ACTIVITY
In the data, extract each line that holds the string "origin".

ENTRIES SUPPLIED
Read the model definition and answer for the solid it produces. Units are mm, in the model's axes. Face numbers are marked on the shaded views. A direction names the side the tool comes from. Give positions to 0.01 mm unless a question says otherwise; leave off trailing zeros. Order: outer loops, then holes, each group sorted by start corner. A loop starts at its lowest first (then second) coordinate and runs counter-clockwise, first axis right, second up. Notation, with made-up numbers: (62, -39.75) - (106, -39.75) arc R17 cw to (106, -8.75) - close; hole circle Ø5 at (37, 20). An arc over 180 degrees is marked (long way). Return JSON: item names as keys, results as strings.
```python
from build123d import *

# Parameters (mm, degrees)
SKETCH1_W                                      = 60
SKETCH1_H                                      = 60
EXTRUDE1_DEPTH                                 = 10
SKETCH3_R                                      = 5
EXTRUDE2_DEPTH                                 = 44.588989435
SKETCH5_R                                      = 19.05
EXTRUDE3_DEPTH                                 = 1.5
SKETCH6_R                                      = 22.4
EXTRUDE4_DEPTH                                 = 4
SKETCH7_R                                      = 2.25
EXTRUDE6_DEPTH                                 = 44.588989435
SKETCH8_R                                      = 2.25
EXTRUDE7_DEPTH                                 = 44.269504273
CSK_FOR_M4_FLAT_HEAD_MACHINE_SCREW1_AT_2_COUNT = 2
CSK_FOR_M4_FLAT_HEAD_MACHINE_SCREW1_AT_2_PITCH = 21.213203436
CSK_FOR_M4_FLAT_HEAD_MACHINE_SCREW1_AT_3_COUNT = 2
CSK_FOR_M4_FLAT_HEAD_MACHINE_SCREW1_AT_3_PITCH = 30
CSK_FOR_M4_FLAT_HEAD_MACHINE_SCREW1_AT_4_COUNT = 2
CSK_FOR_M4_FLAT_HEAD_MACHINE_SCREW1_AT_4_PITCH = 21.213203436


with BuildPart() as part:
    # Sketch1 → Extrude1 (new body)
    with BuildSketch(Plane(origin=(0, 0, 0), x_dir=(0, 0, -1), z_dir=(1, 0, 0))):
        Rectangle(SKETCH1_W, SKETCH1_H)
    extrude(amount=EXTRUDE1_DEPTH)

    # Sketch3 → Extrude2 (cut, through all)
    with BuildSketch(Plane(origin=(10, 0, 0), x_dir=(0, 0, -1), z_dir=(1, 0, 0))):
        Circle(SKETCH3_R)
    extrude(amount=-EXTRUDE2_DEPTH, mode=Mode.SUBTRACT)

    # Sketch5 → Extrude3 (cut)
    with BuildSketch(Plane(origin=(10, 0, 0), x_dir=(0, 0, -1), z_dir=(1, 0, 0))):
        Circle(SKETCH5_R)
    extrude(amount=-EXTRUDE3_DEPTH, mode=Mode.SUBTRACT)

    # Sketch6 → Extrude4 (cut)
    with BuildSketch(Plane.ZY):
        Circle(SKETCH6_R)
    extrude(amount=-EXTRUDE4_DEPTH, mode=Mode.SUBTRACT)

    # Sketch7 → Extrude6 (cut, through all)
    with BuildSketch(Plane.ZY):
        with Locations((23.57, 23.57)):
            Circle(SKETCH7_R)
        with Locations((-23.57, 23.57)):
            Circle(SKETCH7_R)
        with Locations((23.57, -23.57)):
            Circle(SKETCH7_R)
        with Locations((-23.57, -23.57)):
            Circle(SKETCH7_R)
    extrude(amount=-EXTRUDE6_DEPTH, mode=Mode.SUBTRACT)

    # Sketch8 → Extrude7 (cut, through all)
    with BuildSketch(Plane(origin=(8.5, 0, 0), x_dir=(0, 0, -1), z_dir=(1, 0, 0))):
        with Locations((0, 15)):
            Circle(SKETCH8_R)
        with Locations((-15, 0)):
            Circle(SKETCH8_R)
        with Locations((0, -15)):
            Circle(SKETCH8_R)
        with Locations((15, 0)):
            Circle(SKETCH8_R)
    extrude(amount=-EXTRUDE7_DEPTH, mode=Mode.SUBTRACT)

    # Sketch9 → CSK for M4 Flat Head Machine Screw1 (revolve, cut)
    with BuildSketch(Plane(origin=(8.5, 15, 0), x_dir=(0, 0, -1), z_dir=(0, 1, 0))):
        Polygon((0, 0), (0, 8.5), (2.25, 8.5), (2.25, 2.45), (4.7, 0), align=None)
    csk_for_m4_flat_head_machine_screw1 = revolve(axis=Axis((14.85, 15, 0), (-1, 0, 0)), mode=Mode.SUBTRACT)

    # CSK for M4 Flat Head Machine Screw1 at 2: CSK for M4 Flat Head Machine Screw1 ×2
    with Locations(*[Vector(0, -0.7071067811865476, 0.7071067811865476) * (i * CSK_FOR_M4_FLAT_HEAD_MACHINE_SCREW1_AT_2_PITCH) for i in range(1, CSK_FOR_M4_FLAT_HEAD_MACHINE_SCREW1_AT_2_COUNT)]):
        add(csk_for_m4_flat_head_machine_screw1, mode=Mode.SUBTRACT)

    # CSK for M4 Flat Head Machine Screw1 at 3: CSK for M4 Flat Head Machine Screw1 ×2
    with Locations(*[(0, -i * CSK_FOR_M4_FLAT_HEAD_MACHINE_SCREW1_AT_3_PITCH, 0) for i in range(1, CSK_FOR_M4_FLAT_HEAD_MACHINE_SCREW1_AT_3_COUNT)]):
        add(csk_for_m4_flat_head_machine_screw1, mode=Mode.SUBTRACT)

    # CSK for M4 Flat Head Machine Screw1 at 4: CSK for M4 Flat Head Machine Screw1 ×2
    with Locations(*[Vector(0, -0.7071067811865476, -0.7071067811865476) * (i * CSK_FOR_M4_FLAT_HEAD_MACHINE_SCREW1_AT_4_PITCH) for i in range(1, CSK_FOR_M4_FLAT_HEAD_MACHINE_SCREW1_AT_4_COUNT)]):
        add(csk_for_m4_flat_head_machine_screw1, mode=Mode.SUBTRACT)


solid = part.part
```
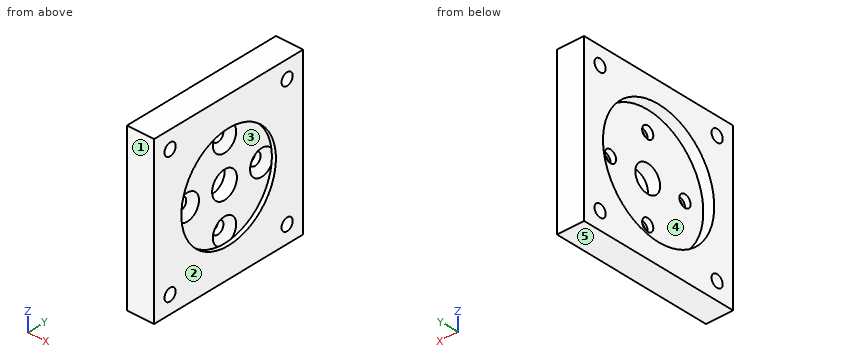
Q1. A cutting plane is placed at B-B (z = 23.57). Write down the section's boundary in (x, y).
Values:
{"outline": "(0, -30) - (10, -30) - (10, -25.82) - (0, -25.82) - close; (0, -21.32) - (10, -21.32) - (10, 21.32) - (0, 21.32) - close; (0, 25.82) - (10, 25.82) - (10, 30) - (0, 30) - close"}
Q2. Given pin 1 (6 mm diameter, centred on y = -23.57, z = 23.57, fed in from -X); pin 2 (0.7 mm diameter, centred on y = 19.5, z = -1, fed in from -X); pin 3 (11.5 mm diameter, centred on y = 3, z = 1, fed in from +X); pin 4 (4 mm diameter, centred on y = 23.57, z = -23.57, fed in from +X), each flat-ended and moving along its own axis, determine where each tip first touches the part or whether it passes through.
Values:
{"pin 1": "stops at x = 0", "pin 2": "stops at x = 4", "pin 3": "stops at x = 8.5", "pin 4": "passes through"}
Q3. Determine the mould class of the marked faces 1, 2 and 3 for opening direction Y: released by +Y, released by -Y, zero draft, split by the parting line, or undercut.
Values:
{"face 1": "released by -Y", "face 2": "zero draft", "face 3": "undercut"}
Q4. For the marked faces 4 and 5, determine the directions among +Z, -Z, +X, -X, +Y, -Y from which every point of the face is accessible in a straight line to the end or side of a thin tool.
Values:
{"face 4": "-X", "face 5": "-Z, +X, -X, +Y, -Y"}
Q5. A cutting plane is placed at D-D (x = 7.25). Give the number of separate pieces and of enclosed holes in the cut face, and give its area (3 significant figures).
Values:
{"separate pieces": "1", "enclosed holes": "9", "area": "3,310 mm²"}
Q6. A cutting plane is placed at C-C (y = -15). Write down the section's boundary in (x, z), and give its area (3 significant figures).
Values:
{"outline": "(0, -30) - (10, -30) - (10, -11.74) - (8.5, -11.74) - (8.5, -4.7) - (6.05, -2.25) - (4, -2.25) - (4, -16.64) - (0, -16.64) - close; (0, 16.64) - (4, 16.64) - (4, 2.25) - (6.05, 2.25) - (8.5, 4.7) - (8.5, 11.74) - (10, 11.74) - (10, 30) - (0, 30) - close", "area": "405 mm²"}
Q7. A cutting plane is placed at A-A (x = 3). Write down the section's boundary in (y, z).
Values:
{"outline": "(-30, -30) - (30, -30) - (30, 30) - (-30, 30) - close; hole circle Ø4.5 at (-23.57, -23.57); hole circle Ø4.5 at (-23.57, 23.57); hole circle Ø44.8 at (0, 0); hole circle Ø4.5 at (23.57, -23.57); hole circle Ø4.5 at (23.57, 23.57)"}
Q8. Consider L1, parallel to Y at x = 4.55, z = 0; L2, parallel to Z at x = 3.75, y = 0.5; L3, parallel to Y at x = 5.05, z = -15. Determine where each line is inside the solid, lowest interval first.
Values:
{"L1": "y = -30 to -17.25, -12.75 to -5, 5 to 12.75, 17.25 to 30", "L2": "z = -30 to -22.39, 22.39 to 30", "L3": "y = -30 to -2.25, 2.25 to 30"}

FINISHED TASK
    with BuildSketch(Plane(origin=(0, 0, 0), x_dir=(0, 0, -1), z_dir=(1, 0, 0))):
    with BuildSketch(Plane(origin=(10, 0, 0), x_dir=(0, 0, -1), z_dir=(1, 0, 0))):
    with BuildSketch(Plane(origin=(10, 0, 0), x_dir=(0, 0, -1), z_dir=(1, 0, 0))):
    with BuildSketch(Plane(origin=(8.5, 0, 0), x_dir=(0, 0, -1), z_dir=(1, 0, 0))):
    with BuildSketch(Plane(origin=(8.5, 15, 0), x_dir=(0, 0, -1), z_dir=(0, 1, 0))):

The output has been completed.